Ich spreche Intel nicht frei, aber es interessiert auch 90% der Käufer nicht, wie Böse Intel ist. AMD gewinnt auch nicht im Prozessormarkt , weil sie lieber erscheinen.  
 Intel wurde allerdings kaum bestraft. Die haben mal gar nichts verloren.  
 Es ist nur wirklich schön das jetzt auch bei Media-Saturn AMD Prozessoren verkauft werden.
 Ohne den Rechtsstreit hätte AMD vielleicht auch gar nicht AVX bekommen, oder die kleinen SSE Befehlserweiterungen.
 Es ist doch mal schön zu sehen , dass es richtig spannend wird.


----------



## NZHALKO (20. März 2011)

Solche Lobbyhinterzogenen Gründe haben in verbindung mit dem unglaublich schlechtem Preis Leistungverhältnis von Intel bei mir schon seit langem den Hebel auf AMD umgelegt.


----------



## PCGH_Marc (20. März 2011)

Bitte, lasst doch den Quatsch. "unglaublich schlechtem Preis Leistungverhältnis von Intel" ... das ist einfach Unfug³.


----------



## Jan565 (20. März 2011)

Für mich ist es ein Kaufgrund AMD zu nehmen, wie eine Firma Marketing führt. Intel wurde zu einer kleiner Strafe von 1,06Mrd Euro verklagt wegen nicht zu lässigen Verträgen. In meinen Augen ist Intel einfach eine Firma die sich durch andere Bereichern lässt, schließlich kommt von den Meisten Entwicklungen im Prozessoren Bereich, dass wenigste von Intel. Wie z.B. die NB im Prozessor, FSB abschaffen, Speichercontroller, x64 usw. sind alles Entwicklungen von AMD, die Intel einige Jahre später selbst benutzt. Und sowas unterstütze ich nicht. 



Locuza schrieb:


> Ohne den Rechtsstreit hätte AMD vielleicht auch gar nicht AVX bekommen, oder die kleinen SSE Befehlserweiterungen.


 
Diese Erfindung stammt von AMD und nicht von Intel. AMD arbeitete erst am SSE5, als die Wind davon bekommen haben, Intel kopiert es, nennt es nur um, hat AMD sich dazu entschlossen den Befehlssatz zu nehmen, da ein eigener von AMD eh keinen Erfolg hat, da Intel einfach mehr Einfluss hat.


----------



## quantenslipstream (20. März 2011)

NZHALKO schrieb:


> Solche Lobbyhinterzogenen Gründe haben in verbindung mit dem unglaublich schlechtem Preis Leistungverhältnis von Intel bei mir schon seit langem den Hebel auf AMD umgelegt.


 
Wenn du rein nach Preis pro Frame redest, dann sieht Intel sehr gut darin aus, das Problem ist halt, dass man die 60% Vorsprung halt nicht merkt, aber das ist eine andere Geschichte.


----------



## PCGH_Marc (20. März 2011)

Wieso sollte man +60% nicht merken?


----------



## MehmetB (20. März 2011)

Locuza schrieb:


> aber es interessiert auch 90% der Käufer nicht, wie Böse Intel ist


 
Schon, nur meiner Meinung nach _sollte_ das anders sein bzw. man sollte sowas sehr wohl berücksichtigen, um solchen Machenschaften eben eine klare Absage zu erteilen.

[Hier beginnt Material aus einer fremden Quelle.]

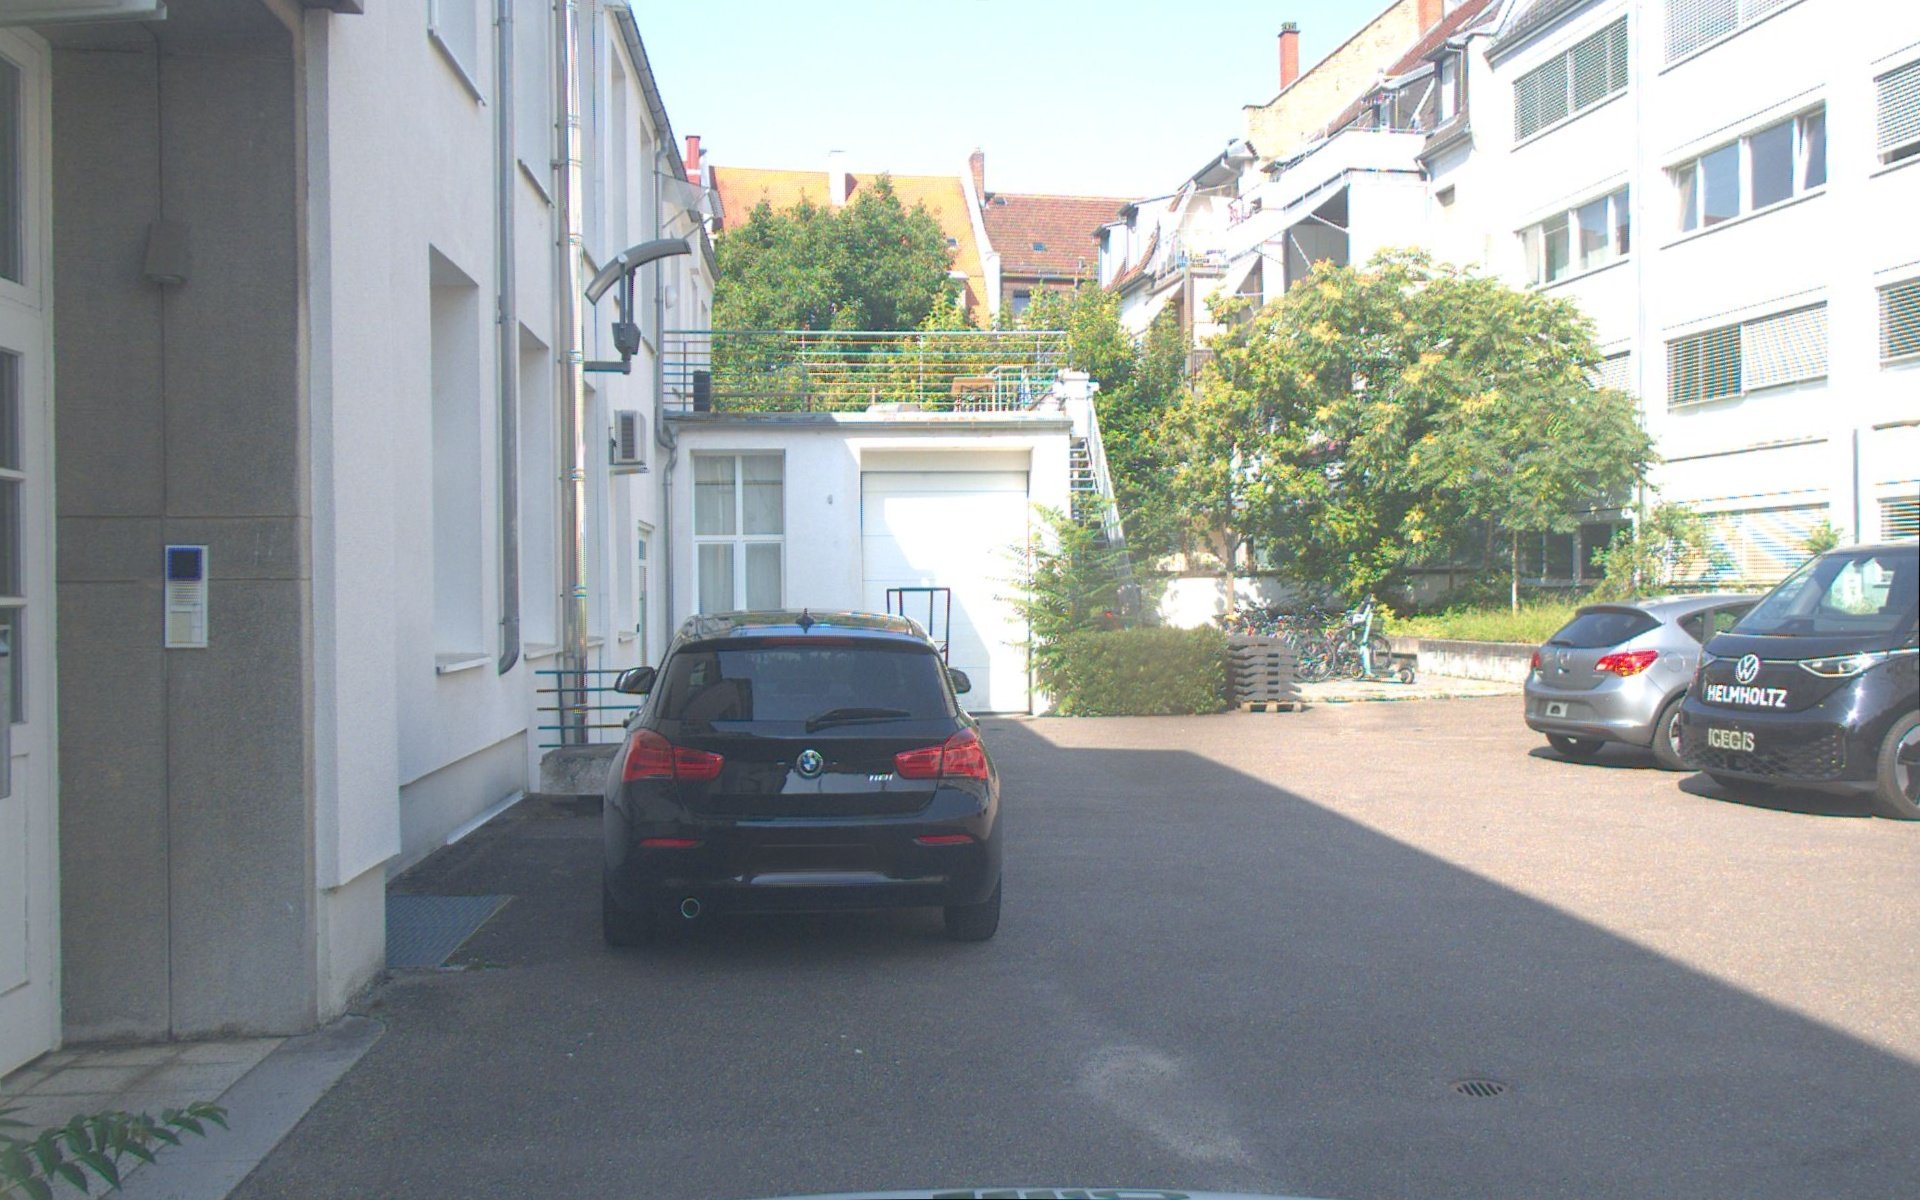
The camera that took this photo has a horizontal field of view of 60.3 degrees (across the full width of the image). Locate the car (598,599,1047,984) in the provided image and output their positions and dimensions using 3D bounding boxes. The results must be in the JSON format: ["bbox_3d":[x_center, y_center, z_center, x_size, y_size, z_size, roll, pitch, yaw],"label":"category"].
[{"bbox_3d":[-0.783,0.736,8.546,1.759,1.453,4.129,0,0,-7],"label":"car"}]

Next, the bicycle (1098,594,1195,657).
[{"bbox_3d":[3.739,0.500,33.046,1.963,1.163,0.486,-2,1,-26],"label":"bicycle"}]

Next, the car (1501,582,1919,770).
[{"bbox_3d":[7.100,0.621,15.174,3.837,1.491,1.654,-1,1,-19],"label":"car"}]

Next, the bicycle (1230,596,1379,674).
[{"bbox_3d":[5.661,0.570,27.204,2.364,1.268,0.526,0,0,-5],"label":"bicycle"}]

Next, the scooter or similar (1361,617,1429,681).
[{"bbox_3d":[6.685,0.742,25.420,0.357,0.940,0.984,0,0,-42],"label":"scooter or similar"}]

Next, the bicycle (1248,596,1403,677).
[{"bbox_3d":[5.824,0.571,26.388,2.364,1.268,0.526,0,0,-5],"label":"bicycle"}]

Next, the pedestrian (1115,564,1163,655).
[{"bbox_3d":[3.600,0.189,33.250,0.602,1.802,0.853,0,0,-27],"label":"pedestrian"}]

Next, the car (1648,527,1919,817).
[{"bbox_3d":[7.571,0.420,12.286,4.262,1.891,1.907,-1,1,-15],"label":"car"}]

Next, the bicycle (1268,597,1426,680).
[{"bbox_3d":[6.024,0.590,25.776,2.364,1.268,0.526,0,0,-5],"label":"bicycle"}]

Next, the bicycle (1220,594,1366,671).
[{"bbox_3d":[5.595,0.542,27.849,2.364,1.268,0.526,0,0,-5],"label":"bicycle"}]

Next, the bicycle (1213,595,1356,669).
[{"bbox_3d":[5.584,0.544,28.501,2.364,1.268,0.526,0,0,-5],"label":"bicycle"}]
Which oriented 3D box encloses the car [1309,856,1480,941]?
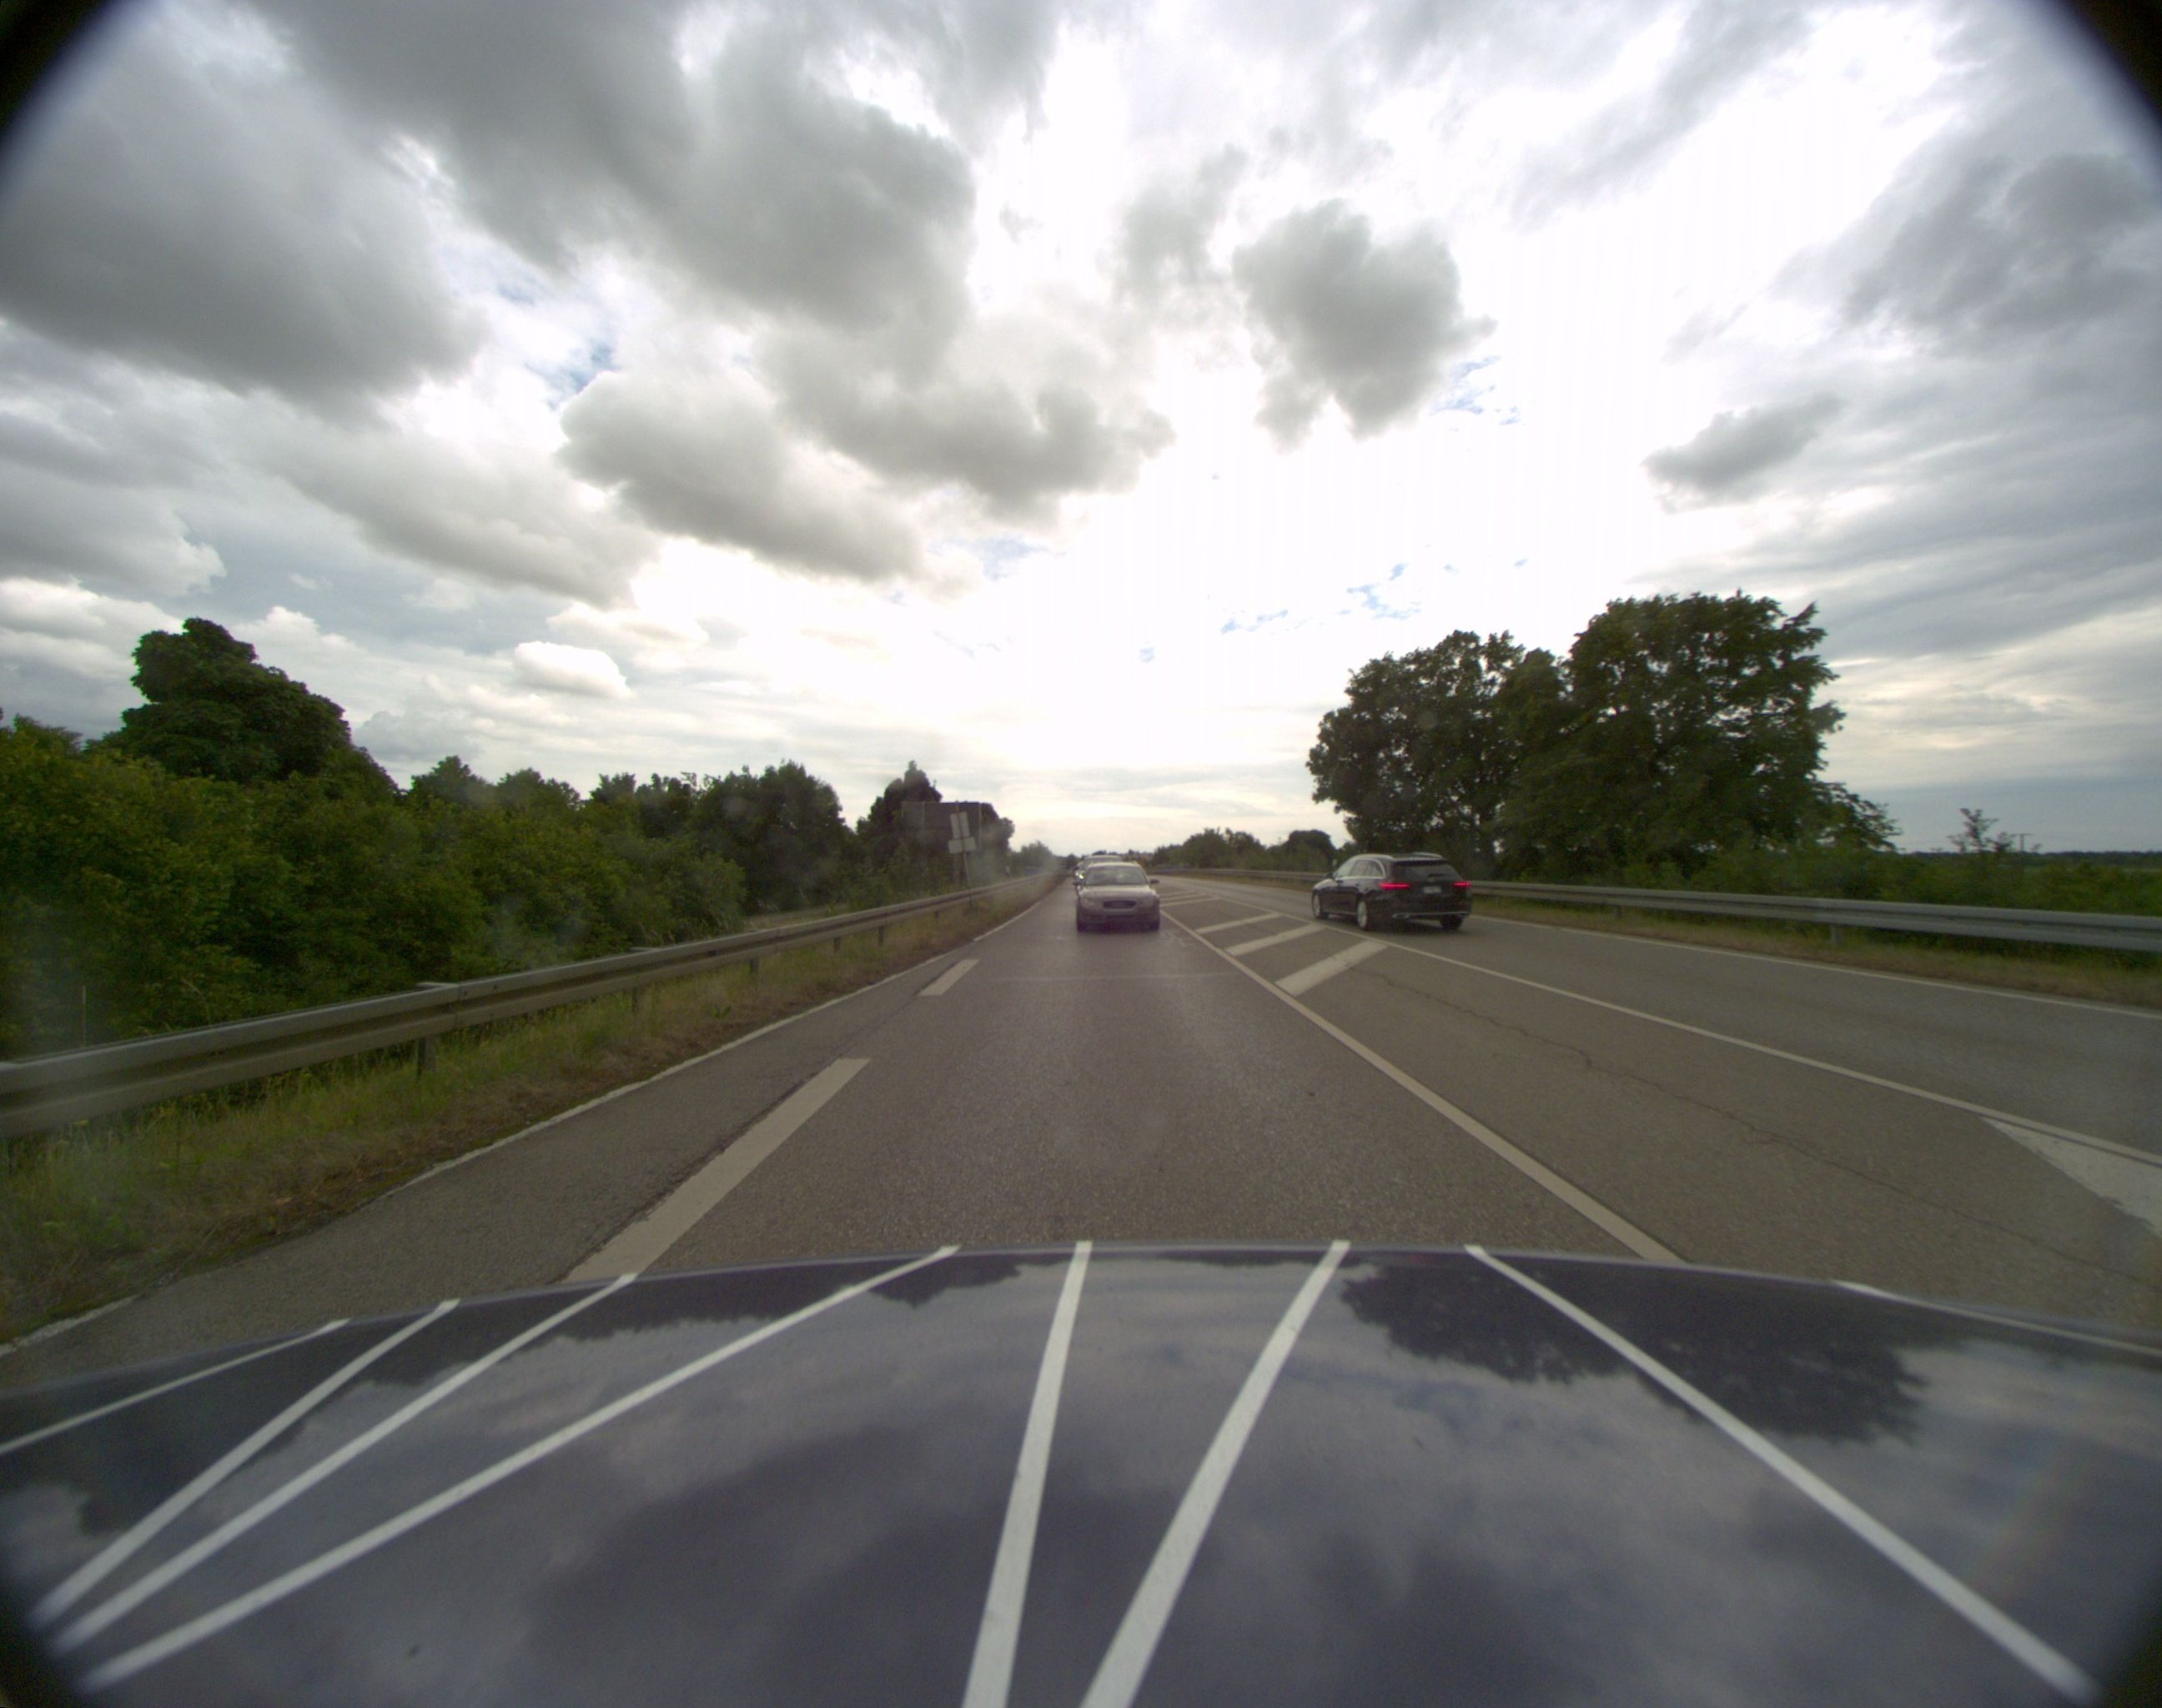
[{"bbox_3d":[6.093,0.778,15.340,1.675,1.421,4.257,-1,0,0],"label":"car"}]

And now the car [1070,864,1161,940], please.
[{"bbox_3d":[0.710,0.983,17.126,1.784,1.441,4.035,-1,0,1],"label":"car"}]

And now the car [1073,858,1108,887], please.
[{"bbox_3d":[0.547,1.005,42.602,1.834,1.537,4.035,-1,0,1],"label":"car"}]

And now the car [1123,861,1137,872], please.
[{"bbox_3d":[7.222,1.809,112.979,1.834,1.537,4.035,-1,0,1],"label":"car"}]

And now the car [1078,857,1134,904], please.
[{"bbox_3d":[0.872,0.907,27.753,1.834,1.537,4.035,-1,0,1],"label":"car"}]

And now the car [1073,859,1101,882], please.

quantenslipstream schrieb:


> dass man die 60% Vorsprung halt nicht merkt


 

Fang jetzt hier bitte nicht auch wieder mit deinem Dahergerede an.

Natürlich "merkt" man es, wenn Prozessor X 60% schneller als Prozessor Y ist, aber natürlich nur in Anwendungen etc. wo's auf die CPU ankommt (Decoding etc. pp.), in einem Spiel, wo oft die Graka limitiert, merkt man das natürlich nicht, weil die CPU dort nicht der Flaschenhals ist.


----------



## quantenslipstream (20. März 2011)

PCGH_Marc schrieb:


> Wieso sollte man +60% nicht merken?


 
Wo denn?
Nehmen wir mal die üblichen Shooter Games, die gerne gedaddelt werden.
Modern Warfare oder Bad Company 2.
Dort spielt der eine mit einem Phenom 955, der andere mit einem i5 2500k, beide haben eine GTX 560 und einen 24 Zoll Full HD Monitor.
Hat denn jetzt der Intel User wirklich 60% mehr Frames als der AMD User, weil der den 60% schnelleren Prozessor hat?


----------



## NZHALKO (20. März 2011)

Eben. Und außerdem ist das schlecht zu sagen das ein i7 schneller ist als ein Phenom. Er kostet ja auch 3 mal soviel.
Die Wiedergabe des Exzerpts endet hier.